It wasn’t until I chatted with a doctor about hyperpigmentation and skin issues that I realized the spots I thought were cute freckles on my fiancé and father-in-law’s faces are not freckles whatsoever.
You’ve probably seen them on a family member, or maybe you have them, but flesh moles are quite common. According to Amy McMichael, MD, professor and chair of the Department of Dermatology at Wake Forest Baptist Medical Center, they are the “layperson’s term for skin tags or seborrheic keratoses. These lesions occur in people of all ethnicities, but usually only in adults over the age of 30.”

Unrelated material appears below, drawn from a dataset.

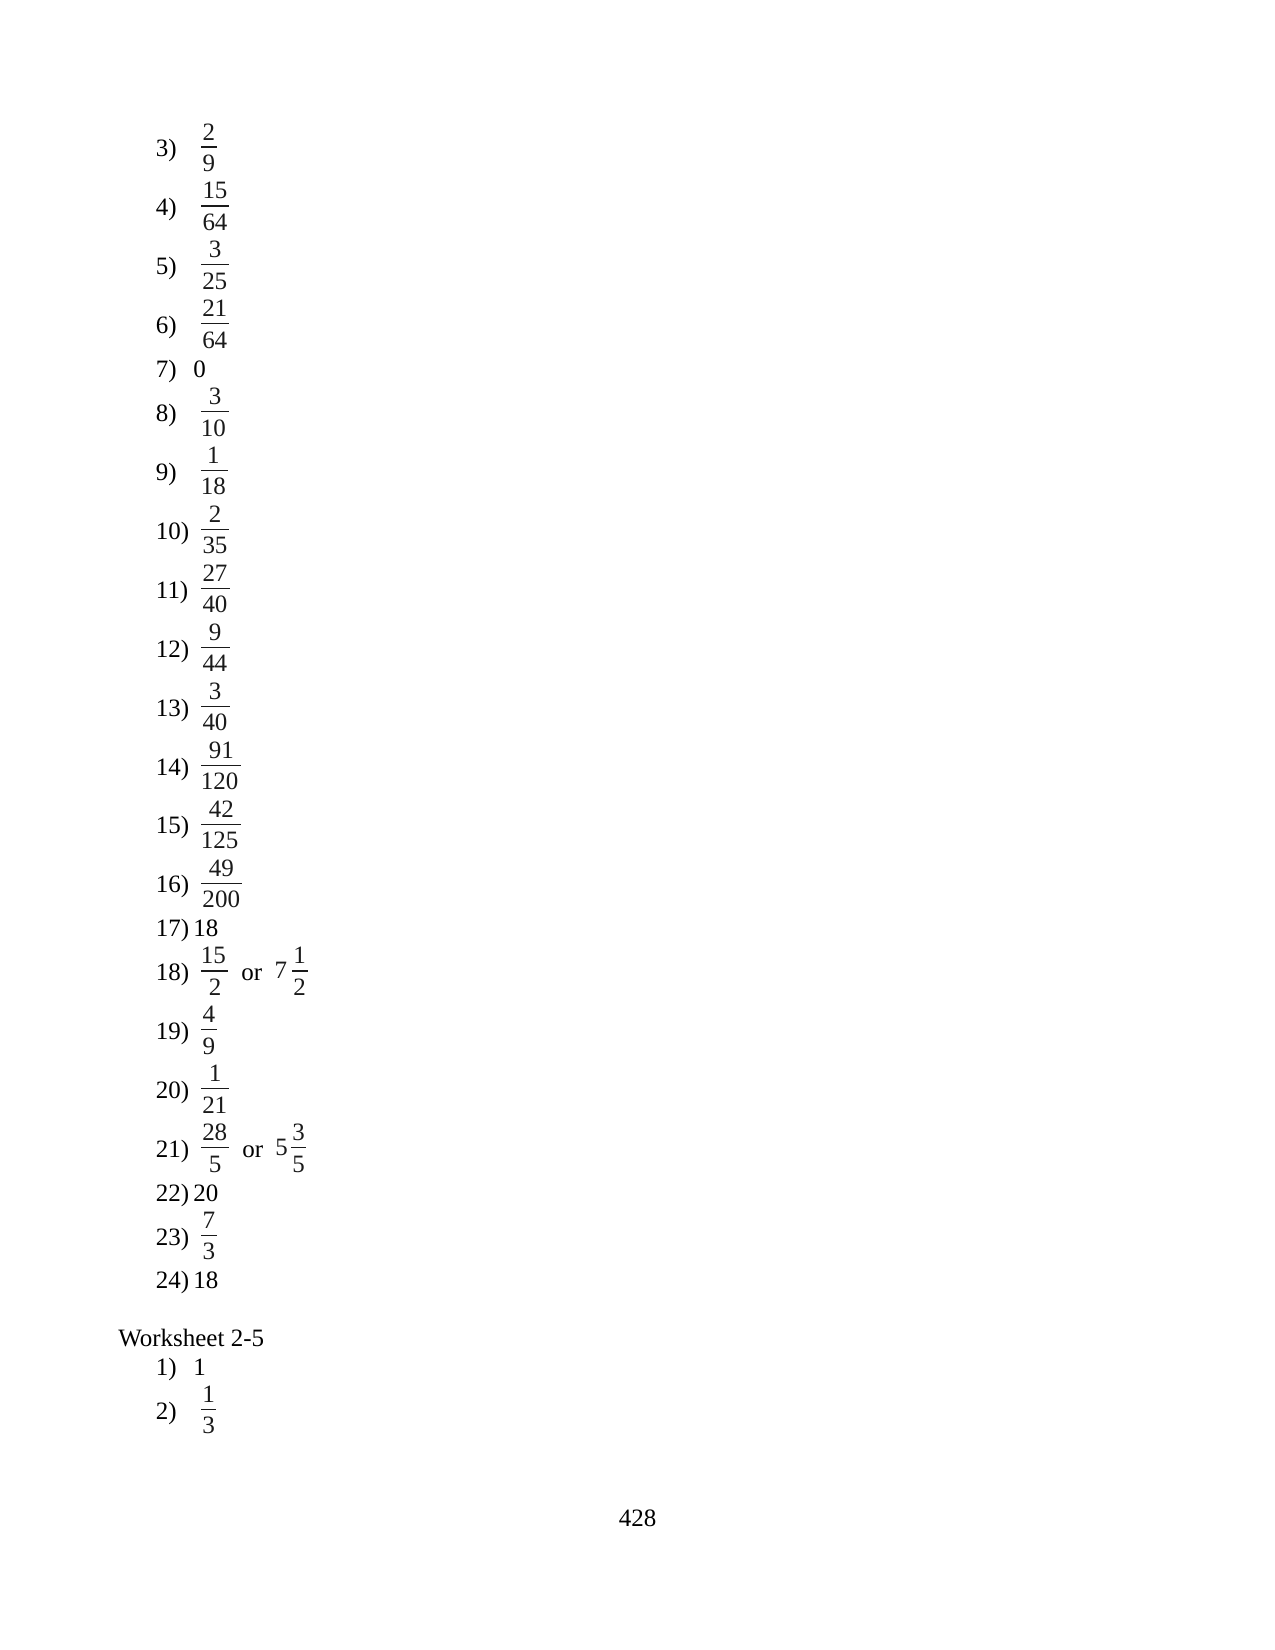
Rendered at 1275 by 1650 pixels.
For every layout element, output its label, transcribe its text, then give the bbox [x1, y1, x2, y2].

They are the small marks that pop up due to pigment-producing cells in the skin, and according to John Hopkins Medicine, they can be flat or raised, smooth or rough, and hairy or hairless. Seborrheic keratoses may also be round or oval. Flesh moles can range in color from flesh-colored to brown or black–and sometimes yellowish. And according to doctors, they’re harmless, benign spots.
But when they are dark and occur on a man or woman of African descent, it goes from being called a simple flesh mole to being called dermatosis papulosa nigra. (Yes, “nigra” as in dark colored…or black.) According to the American Osteopathic College of Dermatology, “These first appear during teen years, slowly becoming more pronounced as one ages. This is fairly common in blacks, present in about one third of adults. Occasionally this may also appear on white and oriental skin.”
You might see them on your upper cheeks, but they’re also prevalent on the neck, chest and back. As previously mentioned, these lesions are most often benign. However, they can become irritated, and such discomfort is often the reason behind people’s decision to have them removed. But if you find that these flesh moles have grown larger with time, McMichael says that you shouldn’t freak out. It’s common.
“They do not become cancerous and are merely a cosmetic issue, though some lesions can become irritated and require removal for this reason. These lesions can and do grow naturally with advancing age.”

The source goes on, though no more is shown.